• _What this task involves_
Only one stretch of the data below should be repeated: the lines from the line containing "26) car (1362,855,1446,893)" through the line containing "34) car (902,865,974,915)", inclusive, exactly as they are.

*-*-*

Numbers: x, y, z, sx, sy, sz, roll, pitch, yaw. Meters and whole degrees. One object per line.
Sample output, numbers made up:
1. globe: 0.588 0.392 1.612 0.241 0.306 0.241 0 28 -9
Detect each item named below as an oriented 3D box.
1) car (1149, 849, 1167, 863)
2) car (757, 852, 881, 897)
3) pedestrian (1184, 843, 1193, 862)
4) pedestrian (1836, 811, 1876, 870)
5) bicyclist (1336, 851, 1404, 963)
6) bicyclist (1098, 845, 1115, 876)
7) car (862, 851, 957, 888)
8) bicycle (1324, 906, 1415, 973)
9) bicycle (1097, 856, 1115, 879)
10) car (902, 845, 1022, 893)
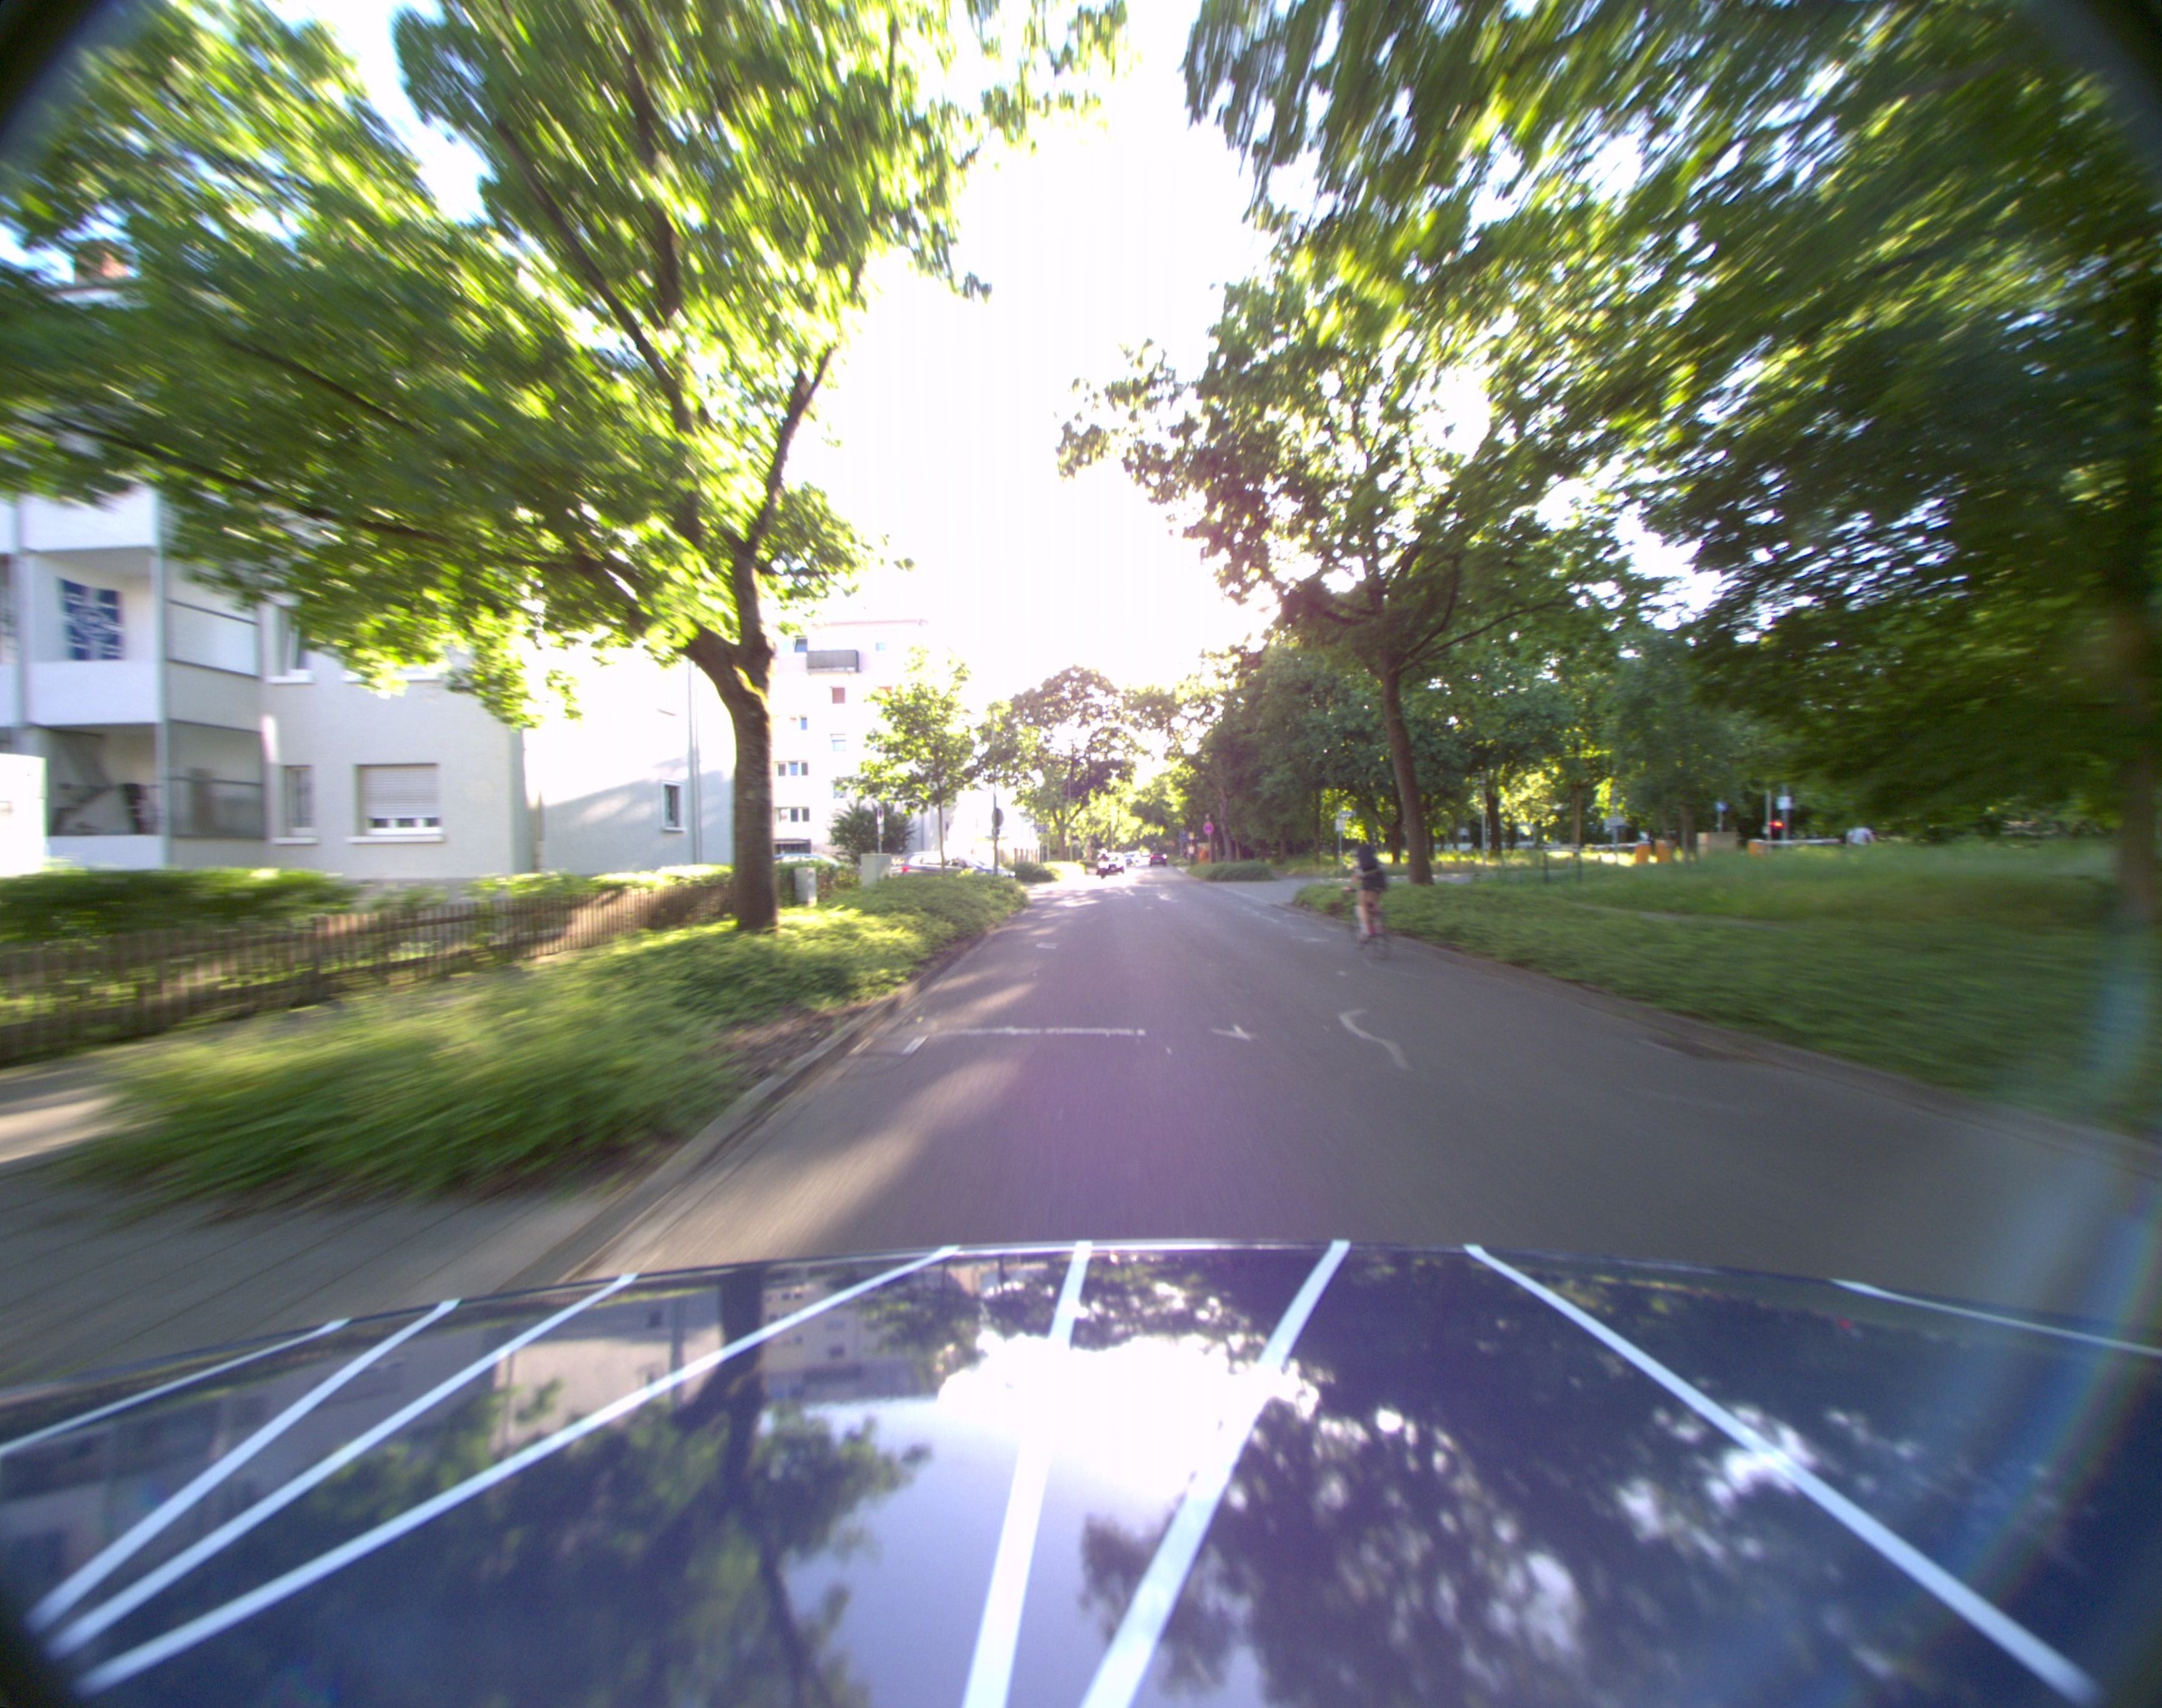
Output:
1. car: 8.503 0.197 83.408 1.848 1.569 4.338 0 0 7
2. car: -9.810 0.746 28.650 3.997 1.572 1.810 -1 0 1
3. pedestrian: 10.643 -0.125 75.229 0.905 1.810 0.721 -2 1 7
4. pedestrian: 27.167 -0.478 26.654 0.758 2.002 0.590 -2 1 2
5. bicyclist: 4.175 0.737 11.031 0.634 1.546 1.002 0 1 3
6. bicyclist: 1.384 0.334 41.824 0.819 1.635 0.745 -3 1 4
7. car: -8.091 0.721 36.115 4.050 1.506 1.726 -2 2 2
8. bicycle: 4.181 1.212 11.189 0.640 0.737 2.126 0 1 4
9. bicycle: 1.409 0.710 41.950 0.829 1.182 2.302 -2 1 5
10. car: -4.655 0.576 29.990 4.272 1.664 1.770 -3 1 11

*-*-*

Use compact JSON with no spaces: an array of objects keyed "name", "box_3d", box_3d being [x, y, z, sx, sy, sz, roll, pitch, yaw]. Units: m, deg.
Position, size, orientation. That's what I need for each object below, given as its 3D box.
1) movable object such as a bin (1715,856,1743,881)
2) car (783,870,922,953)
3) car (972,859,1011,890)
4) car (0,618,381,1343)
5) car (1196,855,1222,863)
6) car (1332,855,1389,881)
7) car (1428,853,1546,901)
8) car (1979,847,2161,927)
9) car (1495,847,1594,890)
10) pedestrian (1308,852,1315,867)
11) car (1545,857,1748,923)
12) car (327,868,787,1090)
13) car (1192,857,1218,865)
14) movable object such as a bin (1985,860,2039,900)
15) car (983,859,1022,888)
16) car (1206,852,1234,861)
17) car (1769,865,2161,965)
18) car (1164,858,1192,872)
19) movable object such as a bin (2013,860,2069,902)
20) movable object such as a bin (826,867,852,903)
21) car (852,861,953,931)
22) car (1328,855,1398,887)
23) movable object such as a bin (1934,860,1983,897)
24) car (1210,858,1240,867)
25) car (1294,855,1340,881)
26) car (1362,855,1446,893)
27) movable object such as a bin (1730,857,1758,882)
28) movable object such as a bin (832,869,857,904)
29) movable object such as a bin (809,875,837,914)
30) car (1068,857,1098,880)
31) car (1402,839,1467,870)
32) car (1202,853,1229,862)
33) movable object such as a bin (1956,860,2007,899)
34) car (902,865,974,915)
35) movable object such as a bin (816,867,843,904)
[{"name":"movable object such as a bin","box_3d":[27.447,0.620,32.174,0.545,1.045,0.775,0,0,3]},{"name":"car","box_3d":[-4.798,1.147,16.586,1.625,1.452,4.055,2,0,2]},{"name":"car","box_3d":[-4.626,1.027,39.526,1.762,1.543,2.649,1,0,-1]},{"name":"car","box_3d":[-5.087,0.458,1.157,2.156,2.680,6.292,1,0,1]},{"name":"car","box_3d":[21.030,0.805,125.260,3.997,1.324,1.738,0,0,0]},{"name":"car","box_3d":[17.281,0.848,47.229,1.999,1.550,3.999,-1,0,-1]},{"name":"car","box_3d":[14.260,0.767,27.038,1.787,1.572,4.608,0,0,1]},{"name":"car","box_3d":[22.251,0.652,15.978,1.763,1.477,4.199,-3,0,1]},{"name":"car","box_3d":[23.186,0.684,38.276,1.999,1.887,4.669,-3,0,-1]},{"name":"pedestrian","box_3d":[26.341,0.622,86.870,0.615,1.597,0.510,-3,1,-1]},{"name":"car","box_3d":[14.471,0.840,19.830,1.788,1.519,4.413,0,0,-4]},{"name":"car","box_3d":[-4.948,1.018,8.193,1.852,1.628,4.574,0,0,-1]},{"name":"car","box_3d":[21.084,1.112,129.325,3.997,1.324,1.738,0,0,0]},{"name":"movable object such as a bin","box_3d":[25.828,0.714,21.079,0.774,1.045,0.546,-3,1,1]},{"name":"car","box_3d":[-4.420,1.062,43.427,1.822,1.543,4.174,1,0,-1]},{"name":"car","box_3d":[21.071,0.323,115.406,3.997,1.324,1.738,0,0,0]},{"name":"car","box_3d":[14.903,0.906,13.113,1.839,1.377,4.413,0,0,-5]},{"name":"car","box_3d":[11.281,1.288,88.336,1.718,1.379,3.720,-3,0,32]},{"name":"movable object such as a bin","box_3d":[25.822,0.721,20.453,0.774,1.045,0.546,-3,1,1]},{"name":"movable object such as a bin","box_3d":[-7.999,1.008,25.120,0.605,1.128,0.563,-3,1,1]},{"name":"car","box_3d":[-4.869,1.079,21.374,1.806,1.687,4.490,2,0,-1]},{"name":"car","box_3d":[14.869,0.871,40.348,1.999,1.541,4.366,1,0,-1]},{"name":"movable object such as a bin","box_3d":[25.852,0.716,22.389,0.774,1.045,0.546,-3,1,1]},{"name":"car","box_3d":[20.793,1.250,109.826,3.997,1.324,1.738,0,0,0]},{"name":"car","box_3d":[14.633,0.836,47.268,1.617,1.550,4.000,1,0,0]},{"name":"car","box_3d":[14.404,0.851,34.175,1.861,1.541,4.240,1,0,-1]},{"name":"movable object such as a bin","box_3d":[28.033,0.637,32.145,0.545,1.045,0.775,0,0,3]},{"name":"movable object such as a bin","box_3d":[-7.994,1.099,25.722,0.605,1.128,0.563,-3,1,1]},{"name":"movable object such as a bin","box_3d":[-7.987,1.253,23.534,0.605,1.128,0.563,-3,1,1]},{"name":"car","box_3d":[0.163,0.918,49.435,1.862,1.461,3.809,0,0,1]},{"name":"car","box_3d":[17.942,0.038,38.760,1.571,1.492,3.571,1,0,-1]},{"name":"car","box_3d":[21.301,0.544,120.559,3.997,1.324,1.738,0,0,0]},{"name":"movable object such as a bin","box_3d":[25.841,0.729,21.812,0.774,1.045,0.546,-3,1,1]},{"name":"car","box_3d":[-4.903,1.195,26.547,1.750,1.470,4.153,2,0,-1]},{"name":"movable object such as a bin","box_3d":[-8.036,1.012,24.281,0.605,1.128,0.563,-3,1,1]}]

*-*-*

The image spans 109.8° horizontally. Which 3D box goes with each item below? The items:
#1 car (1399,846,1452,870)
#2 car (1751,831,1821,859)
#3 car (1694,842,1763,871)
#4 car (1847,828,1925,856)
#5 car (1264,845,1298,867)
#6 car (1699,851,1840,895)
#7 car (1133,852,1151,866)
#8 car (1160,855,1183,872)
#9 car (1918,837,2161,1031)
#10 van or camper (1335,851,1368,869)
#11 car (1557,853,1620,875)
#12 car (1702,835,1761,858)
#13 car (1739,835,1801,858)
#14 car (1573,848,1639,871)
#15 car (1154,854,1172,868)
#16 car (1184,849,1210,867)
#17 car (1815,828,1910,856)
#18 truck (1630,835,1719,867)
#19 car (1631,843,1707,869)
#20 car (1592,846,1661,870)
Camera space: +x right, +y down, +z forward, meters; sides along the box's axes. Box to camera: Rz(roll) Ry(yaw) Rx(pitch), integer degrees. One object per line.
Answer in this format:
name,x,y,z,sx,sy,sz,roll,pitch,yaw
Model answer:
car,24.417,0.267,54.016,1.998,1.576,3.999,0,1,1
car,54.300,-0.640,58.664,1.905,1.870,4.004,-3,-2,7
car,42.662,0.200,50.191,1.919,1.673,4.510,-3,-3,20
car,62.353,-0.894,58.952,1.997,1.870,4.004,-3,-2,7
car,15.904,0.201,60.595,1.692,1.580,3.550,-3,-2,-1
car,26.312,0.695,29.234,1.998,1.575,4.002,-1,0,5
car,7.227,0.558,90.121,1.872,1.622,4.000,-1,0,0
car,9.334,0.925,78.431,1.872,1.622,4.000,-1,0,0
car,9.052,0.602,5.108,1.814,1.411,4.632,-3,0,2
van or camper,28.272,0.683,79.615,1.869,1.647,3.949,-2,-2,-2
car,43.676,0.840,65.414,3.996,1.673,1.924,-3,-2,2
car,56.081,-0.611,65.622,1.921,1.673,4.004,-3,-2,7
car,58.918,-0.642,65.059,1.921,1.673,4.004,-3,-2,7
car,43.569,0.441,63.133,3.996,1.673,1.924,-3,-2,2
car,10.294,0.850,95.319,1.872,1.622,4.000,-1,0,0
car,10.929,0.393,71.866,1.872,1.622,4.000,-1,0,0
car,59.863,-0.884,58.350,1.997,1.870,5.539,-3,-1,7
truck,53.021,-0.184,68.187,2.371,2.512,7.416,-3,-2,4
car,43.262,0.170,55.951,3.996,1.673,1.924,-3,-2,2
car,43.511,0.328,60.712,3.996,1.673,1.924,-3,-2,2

*-*-*

• _Exercise response_
26) car (1362,855,1446,893)
27) movable object such as a bin (1730,857,1758,882)
28) movable object such as a bin (832,869,857,904)
29) movable object such as a bin (809,875,837,914)
30) car (1068,857,1098,880)
31) car (1402,839,1467,870)
32) car (1202,853,1229,862)
33) movable object such as a bin (1956,860,2007,899)
34) car (902,865,974,915)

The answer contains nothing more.